- **Source material**:
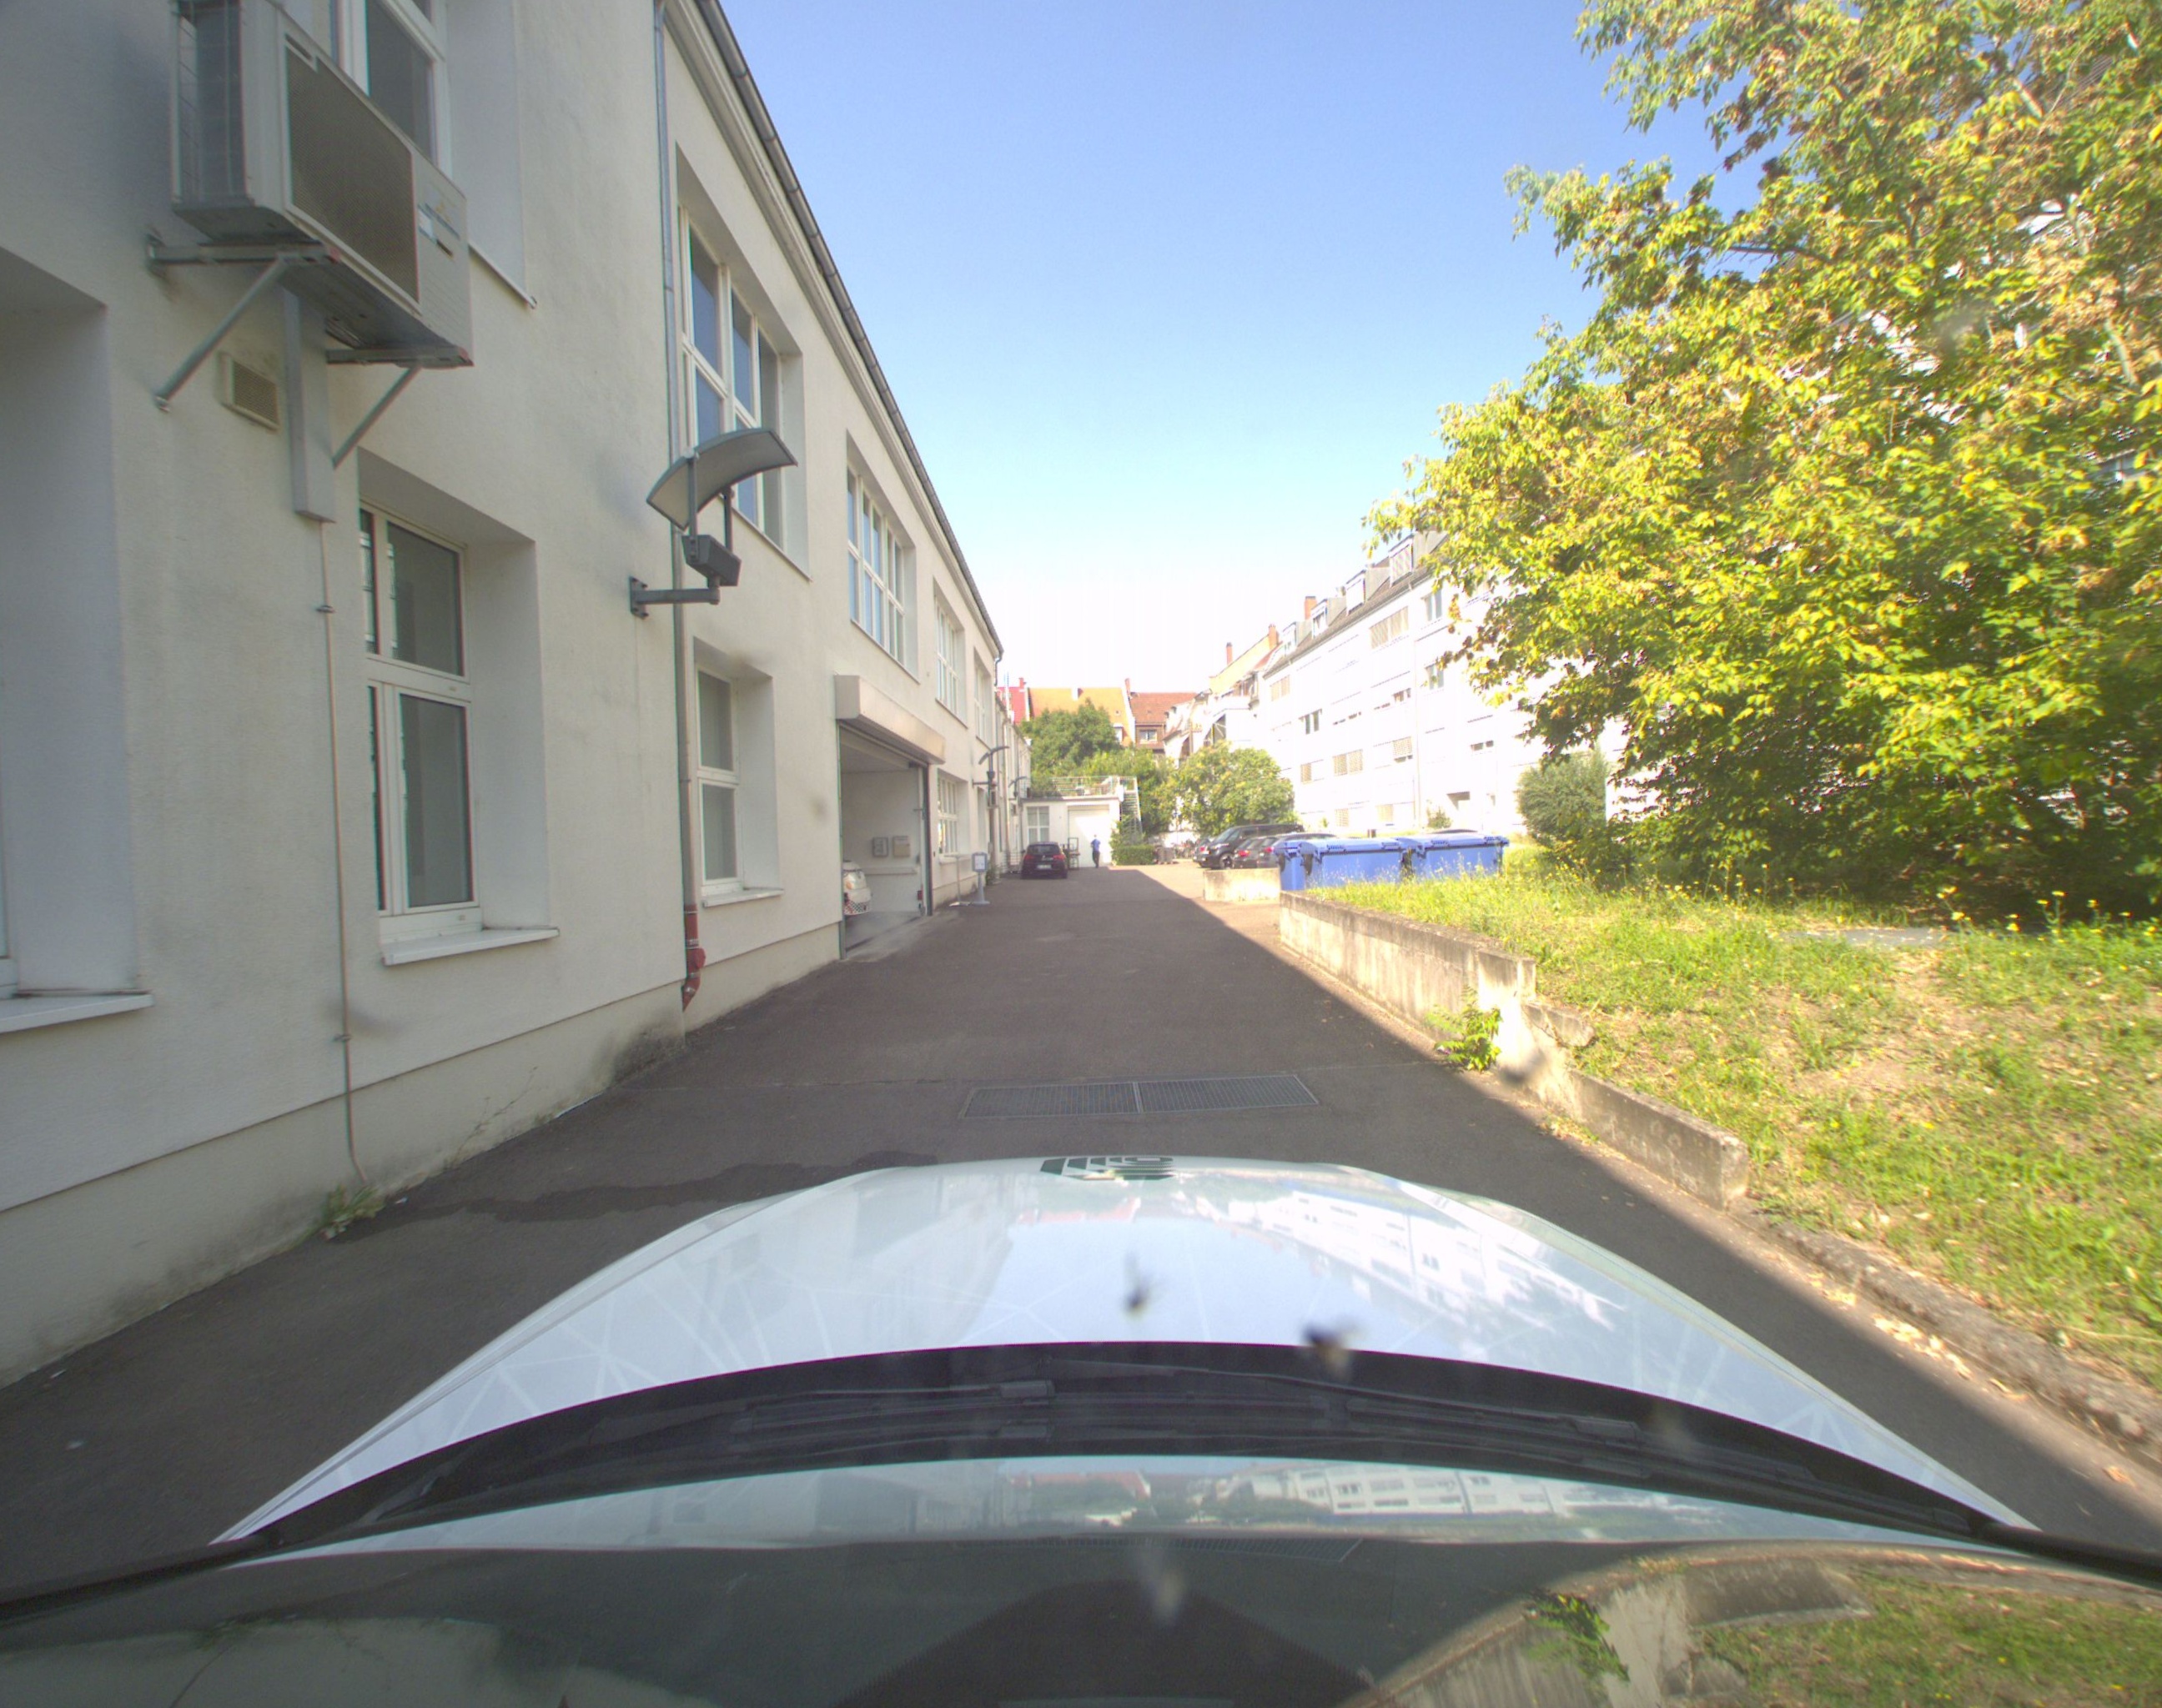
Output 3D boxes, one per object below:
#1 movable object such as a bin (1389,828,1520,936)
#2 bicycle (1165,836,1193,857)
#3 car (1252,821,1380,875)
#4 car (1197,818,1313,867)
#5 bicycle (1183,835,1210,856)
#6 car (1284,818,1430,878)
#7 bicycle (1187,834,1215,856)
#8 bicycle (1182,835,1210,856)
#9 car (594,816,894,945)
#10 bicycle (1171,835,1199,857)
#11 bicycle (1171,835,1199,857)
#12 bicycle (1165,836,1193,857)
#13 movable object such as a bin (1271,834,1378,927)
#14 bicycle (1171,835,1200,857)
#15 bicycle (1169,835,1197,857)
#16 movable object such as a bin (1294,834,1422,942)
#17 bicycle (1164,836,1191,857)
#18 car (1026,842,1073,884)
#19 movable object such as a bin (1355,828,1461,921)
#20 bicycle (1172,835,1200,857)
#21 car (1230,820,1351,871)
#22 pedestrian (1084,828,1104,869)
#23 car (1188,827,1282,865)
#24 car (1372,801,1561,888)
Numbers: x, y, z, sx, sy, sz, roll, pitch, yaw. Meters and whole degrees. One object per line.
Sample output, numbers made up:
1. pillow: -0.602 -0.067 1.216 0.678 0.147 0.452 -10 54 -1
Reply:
1. movable object such as a bin: 5.105 0.362 11.208 1.224 1.340 1.075 -3 0 -4
2. bicycle: 6.230 -0.495 51.869 1.621 1.214 0.423 -5 1 -5
3. car: 8.183 -0.217 28.529 3.856 1.589 1.876 -3 0 -5
4. car: 7.539 -0.503 35.549 4.499 1.794 1.877 -4 0 -9
5. bicycle: 7.440 -0.570 52.556 1.612 1.214 0.425 -4 1 12
6. car: 8.526 -0.191 25.325 3.799 1.589 1.891 -3 1 -10
7. bicycle: 7.390 -0.542 50.093 1.611 1.214 0.328 -4 1 15
8. bicycle: 7.286 -0.551 51.530 1.612 1.214 0.425 -4 1 12
9. car: -6.239 0.459 15.521 4.731 2.092 2.056 -3 0 0
10. bicycle: 6.392 -0.486 50.193 1.613 1.214 0.328 -4 1 10
11. bicycle: 6.351 -0.479 49.742 1.617 1.214 0.327 -4 1 1
12. bicycle: 6.139 -0.483 51.234 1.618 1.214 0.424 -4 1 -1
13. movable object such as a bin: 3.836 0.396 12.967 1.296 1.340 1.194 -3 0 0
14. bicycle: 6.307 -0.470 49.127 1.617 1.214 0.327 -4 1 1
15. bicycle: 6.319 -0.486 50.557 1.612 1.214 0.328 -4 1 13
16. movable object such as a bin: 3.779 0.437 11.214 1.306 1.340 1.099 -3 0 -3
17. bicycle: 6.232 -0.501 52.471 1.620 1.214 0.423 -5 1 -5
18. car: -1.207 0.314 32.406 1.683 1.459 3.921 -3 1 -1
19. movable object such as a bin: 5.155 0.305 12.926 1.229 1.340 1.118 -3 0 4
20. bicycle: 6.377 -0.477 49.448 1.617 1.214 0.327 -4 1 1
21. car: 8.018 -0.317 31.348 4.107 1.691 1.770 -3 0 -3
22. pedestrian: 0.661 -0.278 41.353 0.910 2.013 0.935 -3 0 1
23. car: 7.250 -0.358 38.436 3.931 1.482 1.769 -4 0 -9
24. car: 9.261 -0.228 19.767 3.610 1.544 1.802 -7 1 -2
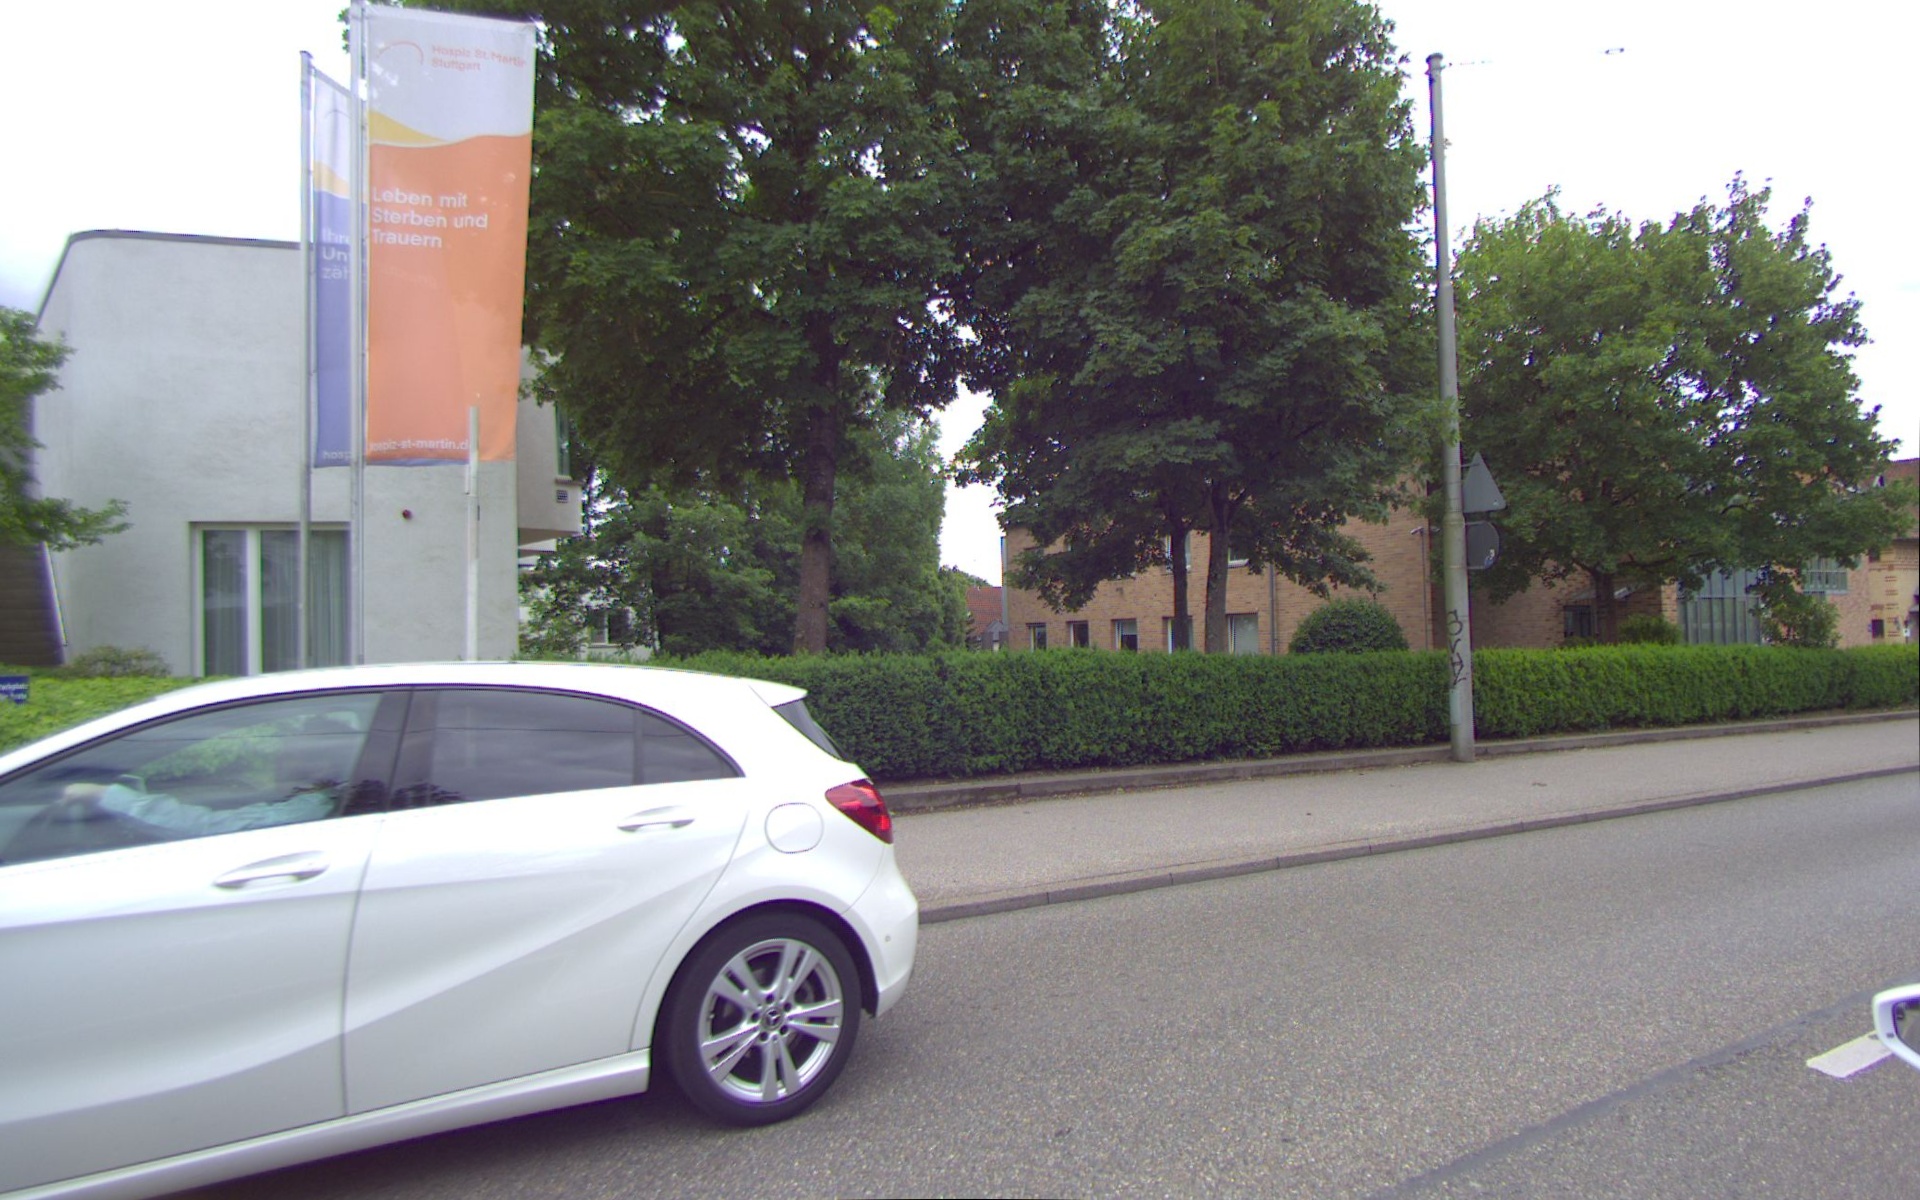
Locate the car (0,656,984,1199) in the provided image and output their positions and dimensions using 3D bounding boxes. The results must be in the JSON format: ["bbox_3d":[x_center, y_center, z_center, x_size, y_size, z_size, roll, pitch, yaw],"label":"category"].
[{"bbox_3d":[-2.092,0.932,3.141,4.018,1.440,1.759,2,-5,-30],"label":"car"}]

- **Task prompt**: Each entry is to be transcribed verbatim, and any picture in it is to be skipped.

- **Task response**:
Output 3D boxes, one per object below:
#1 movable object such as a bin (1389,828,1520,936)
#2 bicycle (1165,836,1193,857)
#3 car (1252,821,1380,875)
#4 car (1197,818,1313,867)
#5 bicycle (1183,835,1210,856)
#6 car (1284,818,1430,878)
#7 bicycle (1187,834,1215,856)
#8 bicycle (1182,835,1210,856)
#9 car (594,816,894,945)
#10 bicycle (1171,835,1199,857)
#11 bicycle (1171,835,1199,857)
#12 bicycle (1165,836,1193,857)
#13 movable object such as a bin (1271,834,1378,927)
#14 bicycle (1171,835,1200,857)
#15 bicycle (1169,835,1197,857)
#16 movable object such as a bin (1294,834,1422,942)
#17 bicycle (1164,836,1191,857)
#18 car (1026,842,1073,884)
#19 movable object such as a bin (1355,828,1461,921)
#20 bicycle (1172,835,1200,857)
#21 car (1230,820,1351,871)
#22 pedestrian (1084,828,1104,869)
#23 car (1188,827,1282,865)
#24 car (1372,801,1561,888)
Numbers: x, y, z, sx, sy, sz, roll, pitch, yaw. Meters and whole degrees. One object per line.
Sample output, numbers made up:
1. pillow: -0.602 -0.067 1.216 0.678 0.147 0.452 -10 54 -1
Reply:
1. movable object such as a bin: 5.105 0.362 11.208 1.224 1.340 1.075 -3 0 -4
2. bicycle: 6.230 -0.495 51.869 1.621 1.214 0.423 -5 1 -5
3. car: 8.183 -0.217 28.529 3.856 1.589 1.876 -3 0 -5
4. car: 7.539 -0.503 35.549 4.499 1.794 1.877 -4 0 -9
5. bicycle: 7.440 -0.570 52.556 1.612 1.214 0.425 -4 1 12
6. car: 8.526 -0.191 25.325 3.799 1.589 1.891 -3 1 -10
7. bicycle: 7.390 -0.542 50.093 1.611 1.214 0.328 -4 1 15
8. bicycle: 7.286 -0.551 51.530 1.612 1.214 0.425 -4 1 12
9. car: -6.239 0.459 15.521 4.731 2.092 2.056 -3 0 0
10. bicycle: 6.392 -0.486 50.193 1.613 1.214 0.328 -4 1 10
11. bicycle: 6.351 -0.479 49.742 1.617 1.214 0.327 -4 1 1
12. bicycle: 6.139 -0.483 51.234 1.618 1.214 0.424 -4 1 -1
13. movable object such as a bin: 3.836 0.396 12.967 1.296 1.340 1.194 -3 0 0
14. bicycle: 6.307 -0.470 49.127 1.617 1.214 0.327 -4 1 1
15. bicycle: 6.319 -0.486 50.557 1.612 1.214 0.328 -4 1 13
16. movable object such as a bin: 3.779 0.437 11.214 1.306 1.340 1.099 -3 0 -3
17. bicycle: 6.232 -0.501 52.471 1.620 1.214 0.423 -5 1 -5
18. car: -1.207 0.314 32.406 1.683 1.459 3.921 -3 1 -1
19. movable object such as a bin: 5.155 0.305 12.926 1.229 1.340 1.118 -3 0 4
20. bicycle: 6.377 -0.477 49.448 1.617 1.214 0.327 -4 1 1
21. car: 8.018 -0.317 31.348 4.107 1.691 1.770 -3 0 -3
22. pedestrian: 0.661 -0.278 41.353 0.910 2.013 0.935 -3 0 1
23. car: 7.250 -0.358 38.436 3.931 1.482 1.769 -4 0 -9
24. car: 9.261 -0.228 19.767 3.610 1.544 1.802 -7 1 -2
Locate the car (0,656,984,1199) in the provided image and output their positions and dimensions using 3D bounding boxes. The results must be in the JSON format: ["bbox_3d":[x_center, y_center, z_center, x_size, y_size, z_size, roll, pitch, yaw],"label":"category"].
[{"bbox_3d":[-2.092,0.932,3.141,4.018,1.440,1.759,2,-5,-30],"label":"car"}]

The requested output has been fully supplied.